There is a unacceptable variance in infant mortality rates across Wales with infants in the Isle of Anglesey three times more likely to die than infants in Monmouthshire.

Statistics released this week by the Office for National Statistics have shown the average infant mortality rate for Wales between 2009-2011 was 4.2 per every 1,000 births. Since 1971, the infant mortality rate has decreased considerably throughout the United Kingdom. Nonetheless, the figures have shown there is a big variance in figures across Wales.

The infant mortality rate is the number of deaths under 1 year per 1,000 live births.

These shocking figures highlight just how much this failing Welsh Labour Government has presided over an unequal society here in Wales.
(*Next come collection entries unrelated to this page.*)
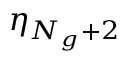Convert formula to latex. <formula><loc_0><loc_0><loc_500><loc_500>\eta _ { N _ { g } + 2 }</formula> 
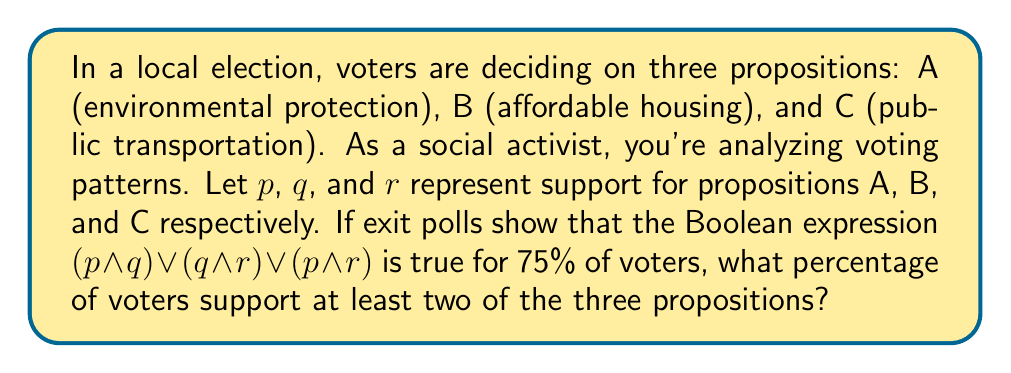Solve this math problem. Let's approach this step-by-step:

1) The Boolean expression $(p \land q) \lor (q \land r) \lor (p \land r)$ represents voters who support at least two of the three propositions.

2) This is because:
   - $(p \land q)$ represents voters who support both A and B
   - $(q \land r)$ represents voters who support both B and C
   - $(p \land r)$ represents voters who support both A and C

3) The 'or' ($\lor$) between these terms means that if any of these conditions are true, the whole expression is true.

4) We're told that this expression is true for 75% of voters.

5) Therefore, 75% of voters support at least two of the three propositions.

6) The question asks for the percentage of voters who support at least two propositions, which is exactly what we've calculated.

Thus, the percentage of voters who support at least two of the three propositions is 75%.
Answer: 75% 
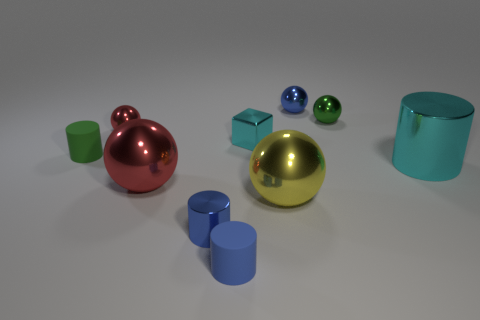Could you tell me which objects in this image are the smallest and what color they are? The smallest objects in the image are the two glossy spheres; one is blue and the other is green. Could you tell if there's any pattern or symmetry in the arrangement of these objects? The objects are arranged with no clear pattern or symmetry. Their placement appears random, with varying distances and no discernible sequence or alignment. 
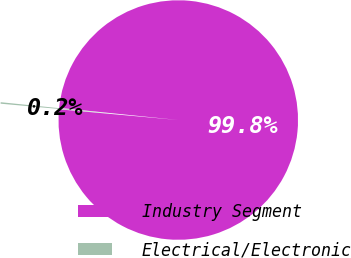Convert chart to OTSL. <chart><loc_0><loc_0><loc_500><loc_500><pie_chart><fcel>Industry Segment<fcel>Electrical/Electronic<nl><fcel>99.8%<fcel>0.2%<nl></chart> 
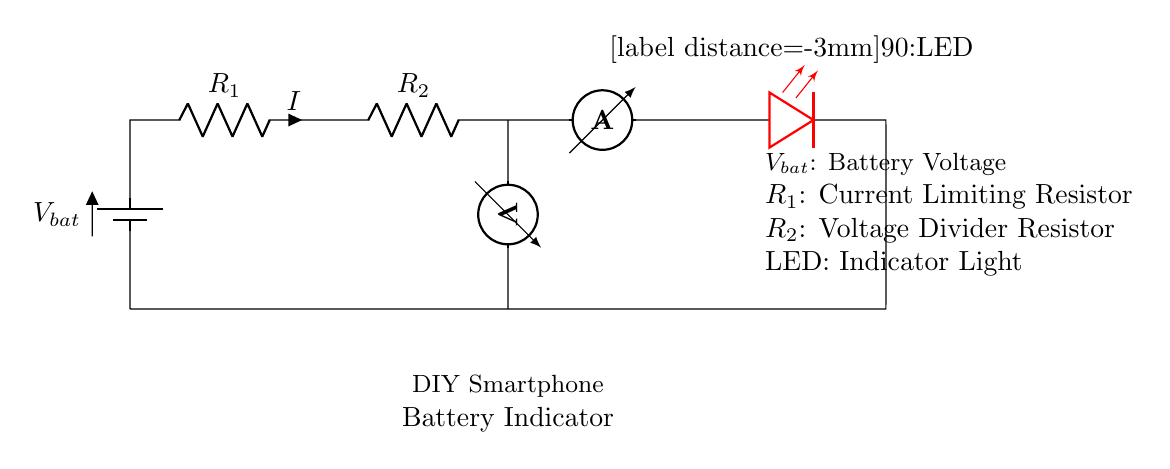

How can it be that a baby under the age of one in Anglesey is nearly three times more likely to die than a baby living in Monmouth?

There are a wide range of issues that this Welsh Labour Government needs to be looking at as a matter of urgency. It needs to investigate why this unacceptable variance exists and what more it can do to improve neonatal and baby services in the areas where infant mortality is so high. The health of the mother is of course vitally important too. There could also possibly be issues with the environment the infants are living in. Whether it be poor housing conditions, low education levels or poor lifestyle choices, the wide variance in Wales needs to be investigated.

I have no intention to be alarmist on this issue. The number of infant mortalities is very much on the decline and this is of course to be welcomed. Nonetheless, the variance across Wales is stark and unacceptable.